ASSIGNMENT
Copy each line below in which the string "track" appears.

====== DATASET RECORDS

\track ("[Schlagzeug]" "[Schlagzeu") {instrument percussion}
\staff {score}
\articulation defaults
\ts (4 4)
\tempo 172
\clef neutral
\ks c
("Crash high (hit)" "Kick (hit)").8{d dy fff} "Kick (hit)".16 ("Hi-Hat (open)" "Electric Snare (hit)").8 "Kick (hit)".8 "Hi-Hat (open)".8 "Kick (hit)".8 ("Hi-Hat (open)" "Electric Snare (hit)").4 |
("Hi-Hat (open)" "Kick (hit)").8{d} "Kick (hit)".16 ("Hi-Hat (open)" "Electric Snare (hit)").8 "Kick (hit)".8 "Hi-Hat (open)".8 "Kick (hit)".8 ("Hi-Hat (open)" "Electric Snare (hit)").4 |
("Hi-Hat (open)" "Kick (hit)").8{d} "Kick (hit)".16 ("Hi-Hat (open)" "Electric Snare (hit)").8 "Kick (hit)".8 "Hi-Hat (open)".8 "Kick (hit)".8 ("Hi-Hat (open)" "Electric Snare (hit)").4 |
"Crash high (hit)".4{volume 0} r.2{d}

============
====== DATASET RECORDS

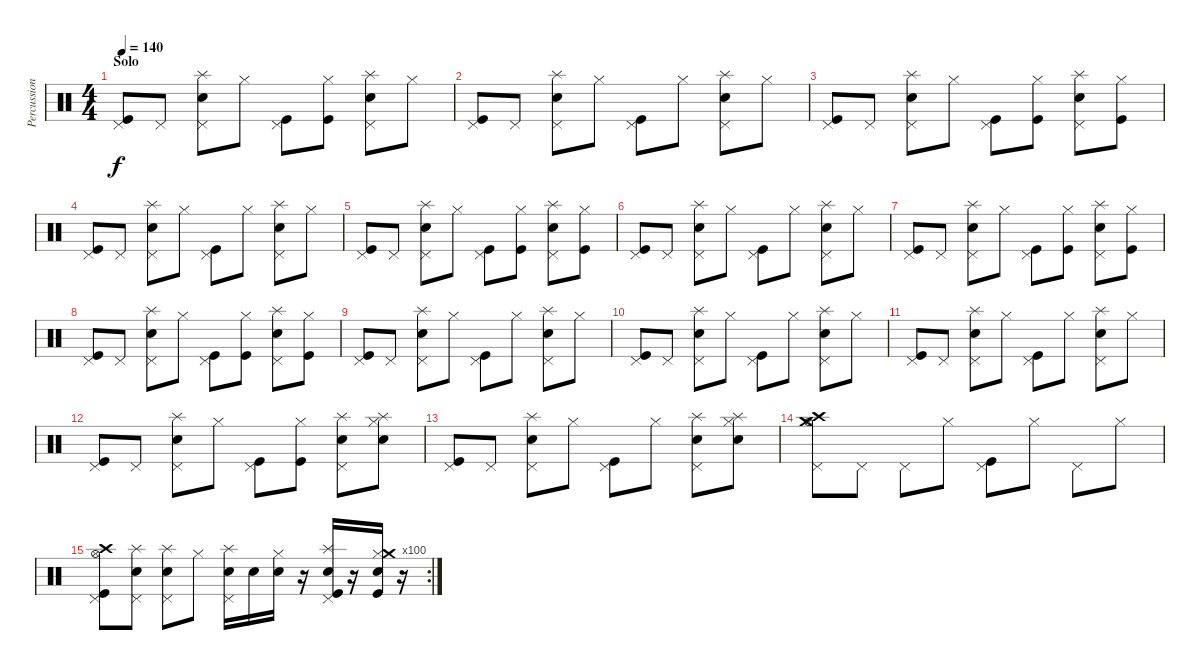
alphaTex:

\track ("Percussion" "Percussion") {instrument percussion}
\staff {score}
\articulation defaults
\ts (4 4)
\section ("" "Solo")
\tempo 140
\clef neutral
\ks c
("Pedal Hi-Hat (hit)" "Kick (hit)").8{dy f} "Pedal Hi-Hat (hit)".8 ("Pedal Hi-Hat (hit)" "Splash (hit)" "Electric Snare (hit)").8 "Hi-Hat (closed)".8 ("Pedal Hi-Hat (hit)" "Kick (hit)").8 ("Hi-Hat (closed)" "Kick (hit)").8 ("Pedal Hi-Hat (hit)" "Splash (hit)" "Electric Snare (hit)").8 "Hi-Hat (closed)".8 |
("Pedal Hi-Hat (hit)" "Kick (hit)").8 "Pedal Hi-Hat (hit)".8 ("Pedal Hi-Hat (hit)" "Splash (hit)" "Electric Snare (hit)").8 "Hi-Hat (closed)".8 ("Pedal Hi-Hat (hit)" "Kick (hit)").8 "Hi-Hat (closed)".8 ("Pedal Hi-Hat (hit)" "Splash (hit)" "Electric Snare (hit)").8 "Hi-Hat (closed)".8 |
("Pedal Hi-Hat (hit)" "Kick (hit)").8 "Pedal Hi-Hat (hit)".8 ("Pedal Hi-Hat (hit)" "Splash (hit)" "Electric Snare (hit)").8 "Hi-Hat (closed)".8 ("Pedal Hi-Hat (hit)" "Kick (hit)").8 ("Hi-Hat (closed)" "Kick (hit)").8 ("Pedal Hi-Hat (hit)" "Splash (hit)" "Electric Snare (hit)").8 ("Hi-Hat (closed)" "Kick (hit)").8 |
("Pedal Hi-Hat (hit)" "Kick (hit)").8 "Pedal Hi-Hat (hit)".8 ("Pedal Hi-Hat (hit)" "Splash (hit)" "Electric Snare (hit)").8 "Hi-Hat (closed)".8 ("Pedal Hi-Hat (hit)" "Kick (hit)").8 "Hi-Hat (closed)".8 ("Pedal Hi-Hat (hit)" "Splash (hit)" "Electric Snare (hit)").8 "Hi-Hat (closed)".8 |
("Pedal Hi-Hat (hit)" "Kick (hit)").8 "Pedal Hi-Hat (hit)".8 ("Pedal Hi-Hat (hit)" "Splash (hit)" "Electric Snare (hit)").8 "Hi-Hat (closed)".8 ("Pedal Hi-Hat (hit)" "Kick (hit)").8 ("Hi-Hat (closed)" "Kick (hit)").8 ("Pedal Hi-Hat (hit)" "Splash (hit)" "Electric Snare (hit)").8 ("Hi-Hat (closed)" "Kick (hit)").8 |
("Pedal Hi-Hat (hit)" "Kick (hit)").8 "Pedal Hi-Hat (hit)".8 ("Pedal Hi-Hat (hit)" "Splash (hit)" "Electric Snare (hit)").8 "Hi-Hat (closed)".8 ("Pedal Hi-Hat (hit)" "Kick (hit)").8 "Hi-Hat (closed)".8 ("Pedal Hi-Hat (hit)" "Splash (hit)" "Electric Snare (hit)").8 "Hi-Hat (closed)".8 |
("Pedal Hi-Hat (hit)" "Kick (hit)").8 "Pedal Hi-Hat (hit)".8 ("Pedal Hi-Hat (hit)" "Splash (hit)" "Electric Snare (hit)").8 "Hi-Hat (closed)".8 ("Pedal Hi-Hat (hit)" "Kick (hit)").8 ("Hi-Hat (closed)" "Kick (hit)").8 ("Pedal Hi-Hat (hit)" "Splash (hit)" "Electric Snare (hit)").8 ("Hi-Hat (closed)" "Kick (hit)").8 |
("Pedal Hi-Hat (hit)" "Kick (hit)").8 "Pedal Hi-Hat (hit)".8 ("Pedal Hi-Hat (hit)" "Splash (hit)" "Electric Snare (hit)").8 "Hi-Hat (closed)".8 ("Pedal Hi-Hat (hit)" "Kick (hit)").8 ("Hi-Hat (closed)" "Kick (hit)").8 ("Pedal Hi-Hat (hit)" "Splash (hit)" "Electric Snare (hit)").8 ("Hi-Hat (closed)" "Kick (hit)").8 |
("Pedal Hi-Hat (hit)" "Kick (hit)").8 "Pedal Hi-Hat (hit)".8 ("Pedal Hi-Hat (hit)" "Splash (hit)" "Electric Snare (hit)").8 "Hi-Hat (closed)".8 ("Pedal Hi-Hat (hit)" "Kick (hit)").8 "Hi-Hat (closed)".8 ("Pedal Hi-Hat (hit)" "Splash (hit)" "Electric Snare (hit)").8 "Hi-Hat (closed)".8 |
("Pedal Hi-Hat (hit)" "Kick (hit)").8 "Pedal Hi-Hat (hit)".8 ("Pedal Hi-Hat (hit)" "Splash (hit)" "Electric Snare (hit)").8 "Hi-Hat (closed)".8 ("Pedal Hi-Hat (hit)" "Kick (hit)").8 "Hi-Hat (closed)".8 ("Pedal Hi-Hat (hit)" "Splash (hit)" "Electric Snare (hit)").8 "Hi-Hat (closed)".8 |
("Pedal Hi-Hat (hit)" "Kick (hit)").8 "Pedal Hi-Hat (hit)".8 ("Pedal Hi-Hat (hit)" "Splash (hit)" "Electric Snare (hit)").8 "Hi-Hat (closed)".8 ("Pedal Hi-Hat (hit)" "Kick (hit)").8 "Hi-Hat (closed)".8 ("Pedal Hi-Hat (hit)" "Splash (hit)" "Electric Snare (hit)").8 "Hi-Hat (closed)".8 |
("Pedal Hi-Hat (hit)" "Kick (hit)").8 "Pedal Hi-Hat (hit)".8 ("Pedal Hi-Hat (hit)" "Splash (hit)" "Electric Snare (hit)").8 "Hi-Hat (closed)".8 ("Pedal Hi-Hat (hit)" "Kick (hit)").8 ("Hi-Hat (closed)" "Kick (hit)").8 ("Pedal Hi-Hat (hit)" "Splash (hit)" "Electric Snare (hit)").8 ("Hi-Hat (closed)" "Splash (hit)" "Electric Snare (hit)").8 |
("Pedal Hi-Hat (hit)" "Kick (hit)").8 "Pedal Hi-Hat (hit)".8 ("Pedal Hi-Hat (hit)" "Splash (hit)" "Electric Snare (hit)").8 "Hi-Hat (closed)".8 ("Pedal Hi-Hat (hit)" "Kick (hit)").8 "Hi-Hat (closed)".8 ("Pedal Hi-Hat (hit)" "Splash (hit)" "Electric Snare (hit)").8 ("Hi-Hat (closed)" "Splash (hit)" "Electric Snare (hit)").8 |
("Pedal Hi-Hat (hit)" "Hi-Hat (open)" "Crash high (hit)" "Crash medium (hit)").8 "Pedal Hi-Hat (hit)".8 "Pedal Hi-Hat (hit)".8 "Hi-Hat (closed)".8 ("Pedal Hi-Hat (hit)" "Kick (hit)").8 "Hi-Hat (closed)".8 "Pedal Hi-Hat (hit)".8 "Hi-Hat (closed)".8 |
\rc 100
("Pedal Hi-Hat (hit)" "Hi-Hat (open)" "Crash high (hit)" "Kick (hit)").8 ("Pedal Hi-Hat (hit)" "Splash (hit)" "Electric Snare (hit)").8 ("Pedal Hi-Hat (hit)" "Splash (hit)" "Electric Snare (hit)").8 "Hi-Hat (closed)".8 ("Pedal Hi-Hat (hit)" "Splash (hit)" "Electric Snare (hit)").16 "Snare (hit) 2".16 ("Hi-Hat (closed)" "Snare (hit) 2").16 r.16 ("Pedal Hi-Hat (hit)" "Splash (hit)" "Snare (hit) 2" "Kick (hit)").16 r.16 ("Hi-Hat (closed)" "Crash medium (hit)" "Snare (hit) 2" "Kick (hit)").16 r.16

============

RESULT OF THE EXERCISE
\track ("[Schlagzeug]" "[Schlagzeu") {instrument percussion}
\track ("Percussion" "Percussion") {instrument percussion}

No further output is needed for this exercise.